TASK BRIEF
Using the listing below, count every line that contains the word "North"; respond with the count alone.

DATA RECORDS

--

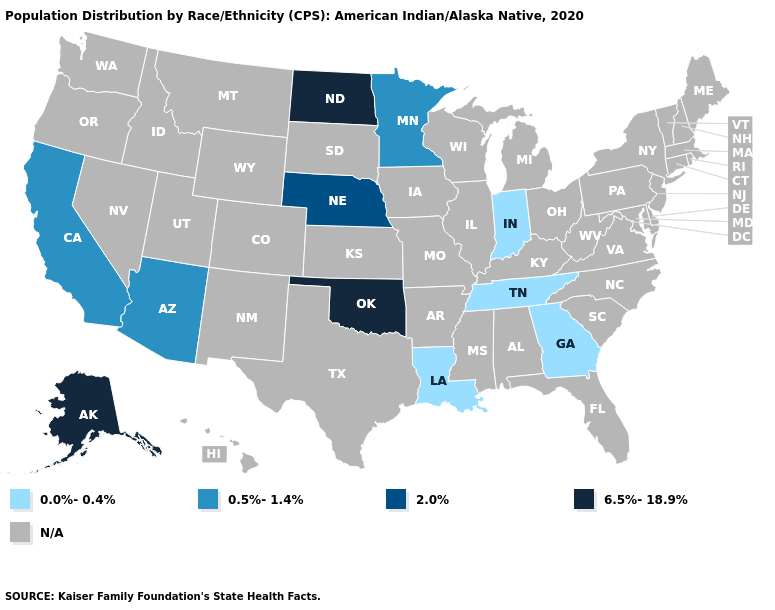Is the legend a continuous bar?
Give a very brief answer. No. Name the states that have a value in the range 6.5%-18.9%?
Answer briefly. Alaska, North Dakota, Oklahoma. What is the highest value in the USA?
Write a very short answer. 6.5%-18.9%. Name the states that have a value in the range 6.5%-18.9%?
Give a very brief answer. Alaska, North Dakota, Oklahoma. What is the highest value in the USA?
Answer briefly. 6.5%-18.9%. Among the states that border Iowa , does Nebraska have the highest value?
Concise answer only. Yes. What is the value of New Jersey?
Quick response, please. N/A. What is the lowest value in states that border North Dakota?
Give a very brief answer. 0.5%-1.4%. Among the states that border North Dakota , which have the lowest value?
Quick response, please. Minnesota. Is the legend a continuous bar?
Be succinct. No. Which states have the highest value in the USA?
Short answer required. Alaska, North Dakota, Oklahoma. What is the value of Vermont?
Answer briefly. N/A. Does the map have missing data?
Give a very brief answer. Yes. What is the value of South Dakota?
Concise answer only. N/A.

--

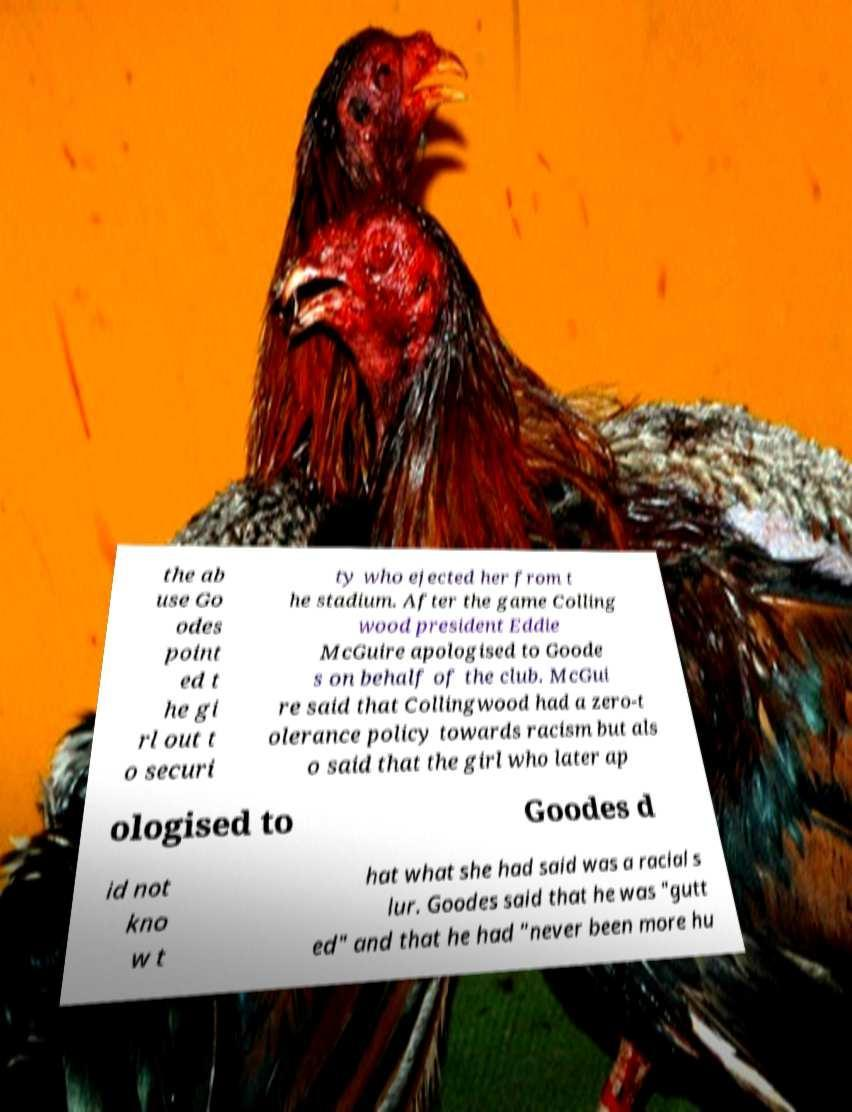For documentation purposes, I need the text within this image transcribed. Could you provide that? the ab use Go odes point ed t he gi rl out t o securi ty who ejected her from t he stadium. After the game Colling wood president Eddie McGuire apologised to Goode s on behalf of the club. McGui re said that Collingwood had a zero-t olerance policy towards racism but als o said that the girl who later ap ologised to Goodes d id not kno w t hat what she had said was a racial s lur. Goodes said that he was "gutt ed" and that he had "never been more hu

--

SOLUTION TO THIS EXERCISE
5